## RECORDS PROVIDED
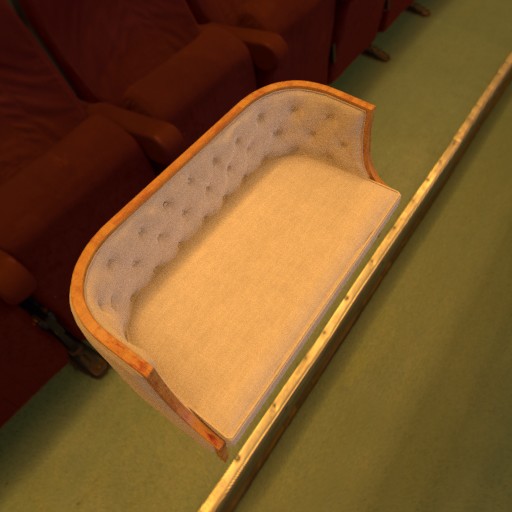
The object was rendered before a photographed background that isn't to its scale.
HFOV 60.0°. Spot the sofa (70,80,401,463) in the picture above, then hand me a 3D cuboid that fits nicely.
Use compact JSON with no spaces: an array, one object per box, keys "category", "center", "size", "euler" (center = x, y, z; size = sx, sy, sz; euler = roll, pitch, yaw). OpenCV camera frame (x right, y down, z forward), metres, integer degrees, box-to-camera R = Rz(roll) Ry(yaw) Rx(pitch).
[{"category":"sofa","center":[0.000,0.000,1.959],"size":[0.770,0.775,1.474],"euler":[31,63,18]}]
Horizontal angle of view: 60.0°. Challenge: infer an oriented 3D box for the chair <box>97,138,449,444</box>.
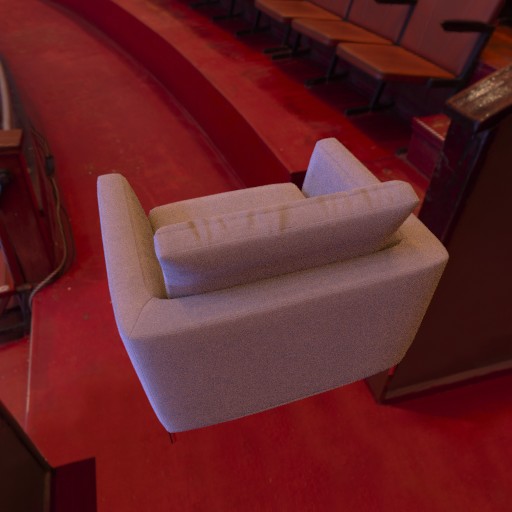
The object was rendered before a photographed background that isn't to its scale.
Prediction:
[{"bbox_3d":[0.000,0.000,1.672,1.041,0.864,0.889,-13,43,-14],"label":"chair"}]
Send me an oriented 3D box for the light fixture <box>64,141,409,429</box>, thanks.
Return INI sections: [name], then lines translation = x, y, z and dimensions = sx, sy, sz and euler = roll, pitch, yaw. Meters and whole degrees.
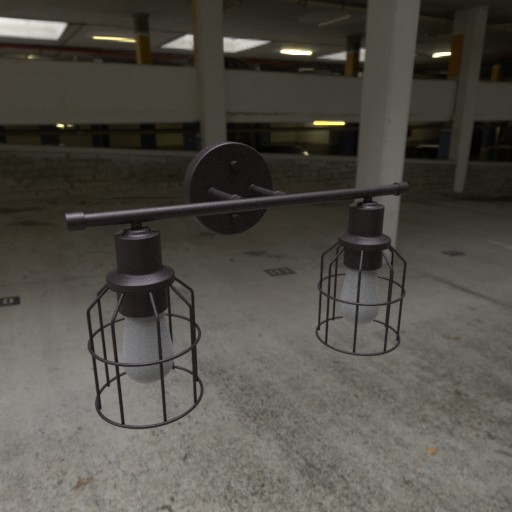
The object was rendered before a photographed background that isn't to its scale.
[light fixture]
translation = 0.000, 0.000, 0.523
dimensions = 0.406, 0.254, 0.165
euler = -9, 20, -27
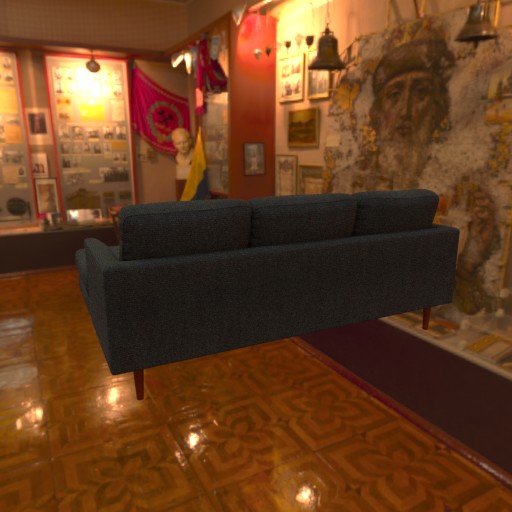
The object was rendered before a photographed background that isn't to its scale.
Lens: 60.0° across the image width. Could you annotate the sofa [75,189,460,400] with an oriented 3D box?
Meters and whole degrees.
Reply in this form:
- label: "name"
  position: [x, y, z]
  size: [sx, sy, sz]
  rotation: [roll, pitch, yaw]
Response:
- label: "sofa"
  position: [0.000, 0.000, 3.083]
  size: [2.233, 0.956, 1.504]
  rotation: [-7, 15, -26]
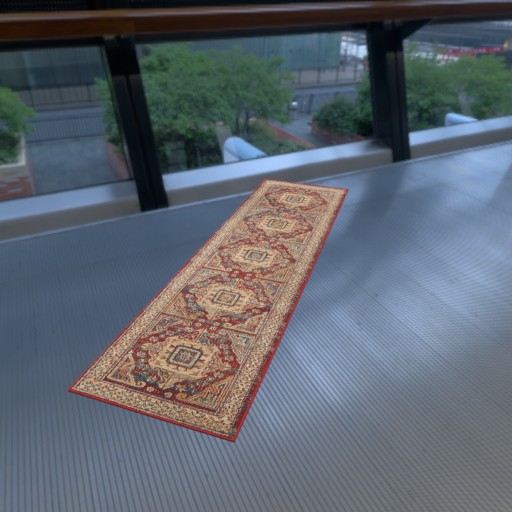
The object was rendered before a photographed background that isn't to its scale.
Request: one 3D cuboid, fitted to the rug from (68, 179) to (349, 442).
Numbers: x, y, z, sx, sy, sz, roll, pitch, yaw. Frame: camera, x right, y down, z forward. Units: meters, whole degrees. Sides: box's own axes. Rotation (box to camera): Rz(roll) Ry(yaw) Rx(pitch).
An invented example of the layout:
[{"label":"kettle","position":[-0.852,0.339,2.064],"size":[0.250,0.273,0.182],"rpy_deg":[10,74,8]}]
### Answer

## DIRECTIONS FOR THIS TASK
Set down all the entries above verbatim, and include none of the pictures.

## YOUR SOLUTION
The object was rendered before a photographed background that isn't to its scale.
HFOV 60.0°. Spot the sofa (70,80,401,463) in the picture above, then hand me a 3D cuboid that fits nicely.
Use compact JSON with no spaces: an array, one object per box, keys "category", "center", "size", "euler" (center = x, y, z; size = sx, sy, sz; euler = roll, pitch, yaw). OpenCV camera frame (x right, y down, z forward), metres, integer degrees, box-to-camera R = Rz(roll) Ry(yaw) Rx(pitch).
[{"category":"sofa","center":[0.000,0.000,1.959],"size":[0.770,0.775,1.474],"euler":[31,63,18]}]
Horizontal angle of view: 60.0°. Challenge: infer an oriented 3D box for the chair <box>97,138,449,444</box>.
The object was rendered before a photographed background that isn't to its scale.
Prediction:
[{"bbox_3d":[0.000,0.000,1.672,1.041,0.864,0.889,-13,43,-14],"label":"chair"}]
Send me an oriented 3D box for the light fixture <box>64,141,409,429</box>, thanks.
Return INI sections: [name], then lines translation = x, y, z and dimensions = sx, sy, sz and euler = roll, pitch, yaw. Meters and whole degrees.
The object was rendered before a photographed background that isn't to its scale.
[light fixture]
translation = 0.000, 0.000, 0.523
dimensions = 0.406, 0.254, 0.165
euler = -9, 20, -27
The object was rendered before a photographed background that isn't to its scale.
Lens: 60.0° across the image width. Could you annotate the sofa [75,189,460,400] with an oriented 3D box?
Meters and whole degrees.
Reply in this form:
- label: "name"
  position: [x, y, z]
  size: [sx, sy, sz]
  rotation: [roll, pitch, yaw]
Response:
- label: "sofa"
  position: [0.000, 0.000, 3.083]
  size: [2.233, 0.956, 1.504]
  rotation: [-7, 15, -26]
The object was rendered before a photographed background that isn't to its scale.
Request: one 3D cuboid, fitted to the rug from (68, 179) to (349, 442).
Numbers: x, y, z, sx, sy, sz, roll, pitch, yaw. Frame: camera, x right, y down, z forward. Units: meters, whole degrees. Sides: box's own axes. Rotation (box to camera): Rz(roll) Ry(yaw) Rx(pitch).
An invented example of the layout:
[{"label":"kettle","position":[-0.852,0.339,2.064],"size":[0.250,0.273,0.182],"rpy_deg":[10,74,8]}]
### Answer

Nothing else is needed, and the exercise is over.